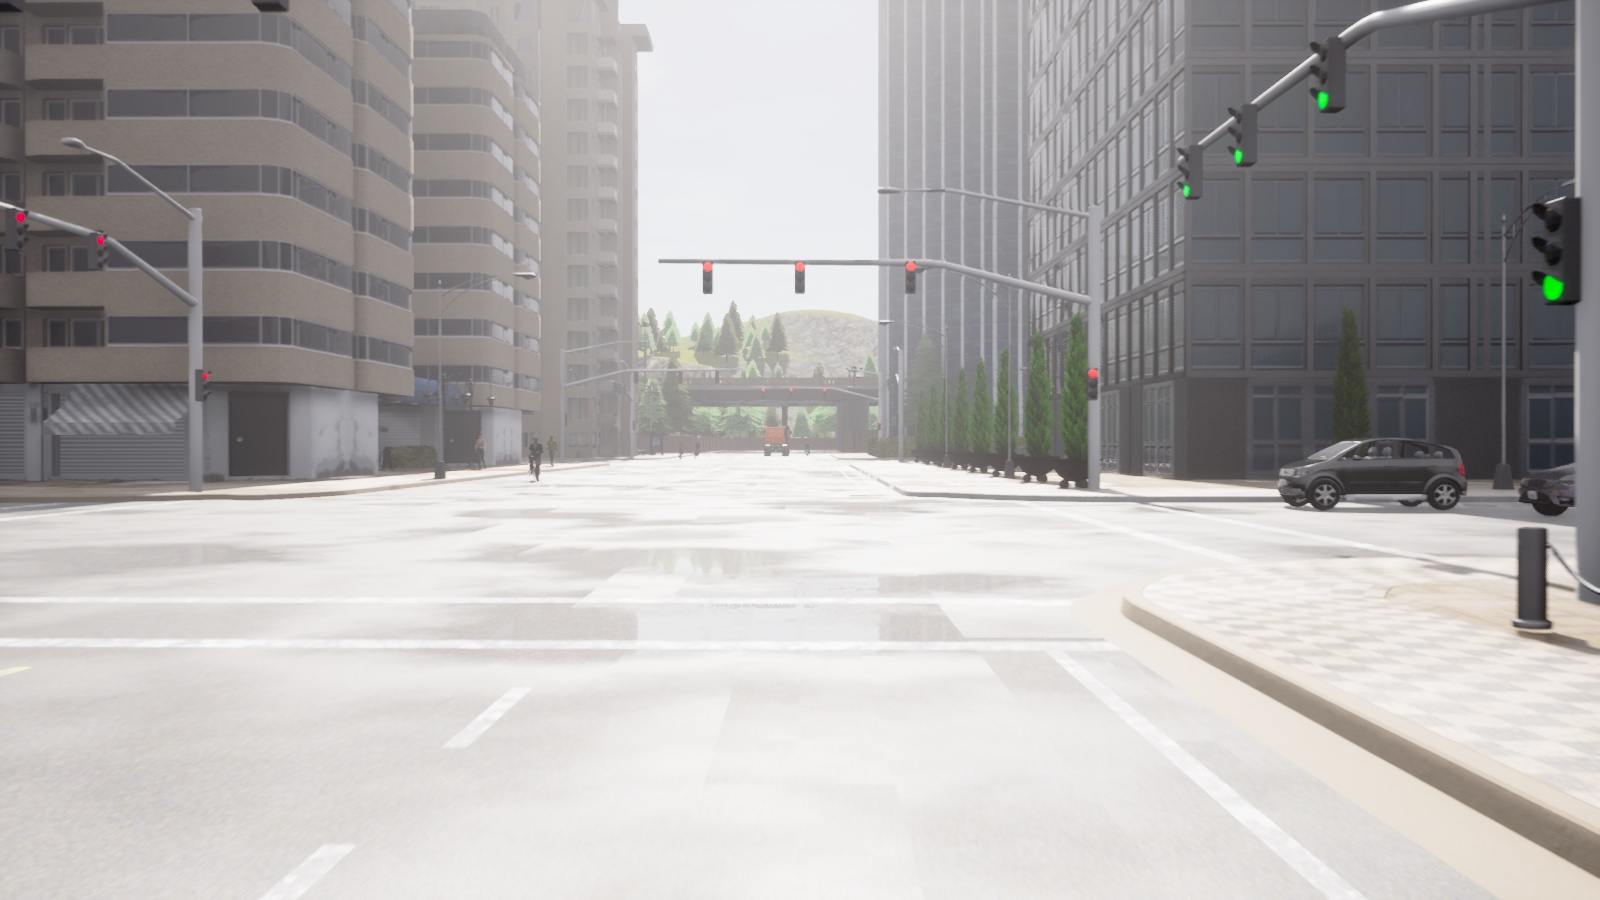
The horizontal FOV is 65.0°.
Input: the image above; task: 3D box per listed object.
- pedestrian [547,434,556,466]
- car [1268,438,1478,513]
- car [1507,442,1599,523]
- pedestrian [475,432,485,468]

- _Instructions to follow_
Find the line containing "- pedestrian [547,434,556,466]" in the data above. Please transcribe it and every line after it, exactly.

- _Response below_
- pedestrian [547,434,556,466]
- car [1268,438,1478,513]
- car [1507,442,1599,523]
- pedestrian [475,432,485,468]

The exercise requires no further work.